Good news, hes going the the dealer Sat. to put a down payment on a new Z7. I going to go if I'm not going pumpkin picking.


----------



## Lowe 2070 CC (Oct 30, 2014)

Several years back my dad was headed to DeGray Lake in Arkansas before daylight (planning to meet me at the ramp). He was pulling a 395VS Ranger with a Johnson 225.

A drunk driver crossed the yellow line sideswiping him in the process and forcing him off the road. He went through the wall of a garage striking both vehicles in side and came to rest in the yard with the tandem axle trailer upside down on top of the truck and the boat upside down next to the truck.

All in all his truck was totaled, the boat was totaled, the trailer was totaled, one of the cars in the garage was totaled, but the motor was fine.

He settled with insurance, bought the boat and motor back from them, sold the boat (gel-coat was spider-webbed everywhere), bought a new truck, bought a new boat, painted the cowl on the old motor, put it on the new boat, and wound up about $3K to the good.

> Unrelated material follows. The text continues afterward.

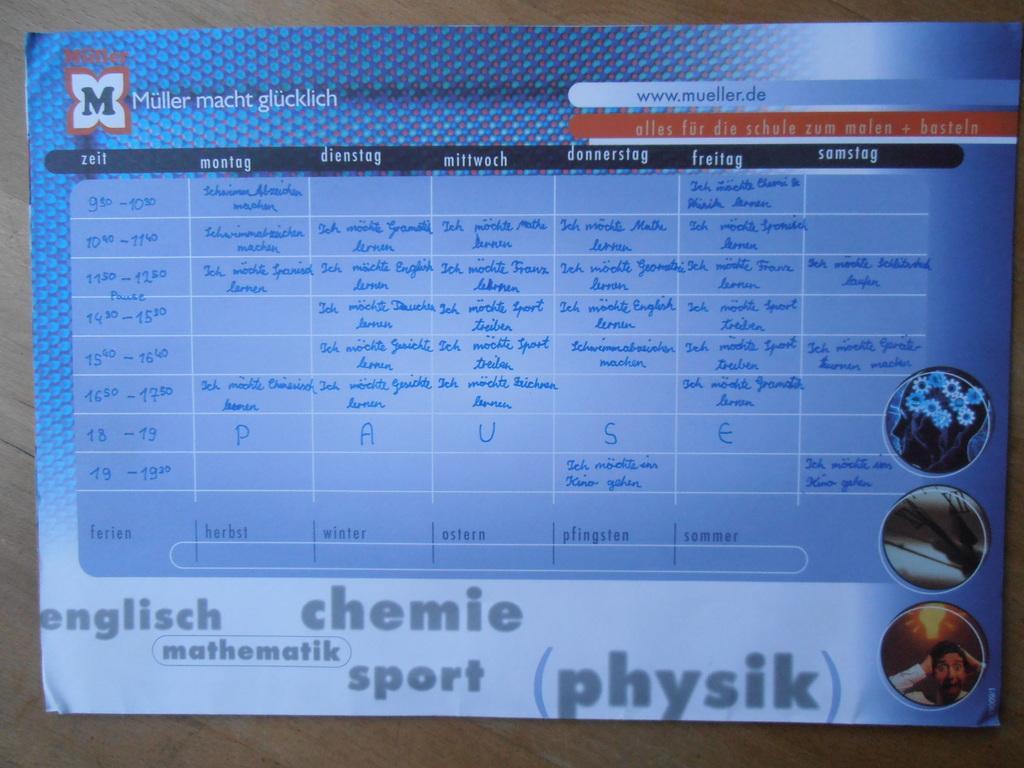In one or two sentences, can you explain what this image depicts? In this image there is a poster with pictures and some text on it is attached to the wall. 
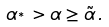<formula> <loc_0><loc_0><loc_500><loc_500>\alpha _ { ^ { * } } > \alpha \geq \tilde { \alpha } \, .</formula> 
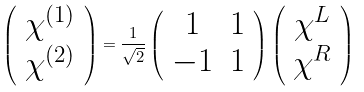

He's lucky he wasn't hurt, just like you are. But, in the end everything worked itself out.

When the state trooper showed up he said it was reported as an 18 wheeler wreck by a passerby that saw the tandem axle trailer in the air.


----------



## shamoo (Oct 31, 2014)

Glad everything worked out wit Popz, its just sickening when crap like that happens.


----------



## fender66 (Oct 31, 2014)

OUCH is right.

Have a friend that bought a new Ranger over last winter. His third trip out with less than 6 hours on the engine, someone drove right over the top of him while he was crappie fishing. Not only totaled the boat, but messed him up a bit too.

Glad your friends deal worked out.


----------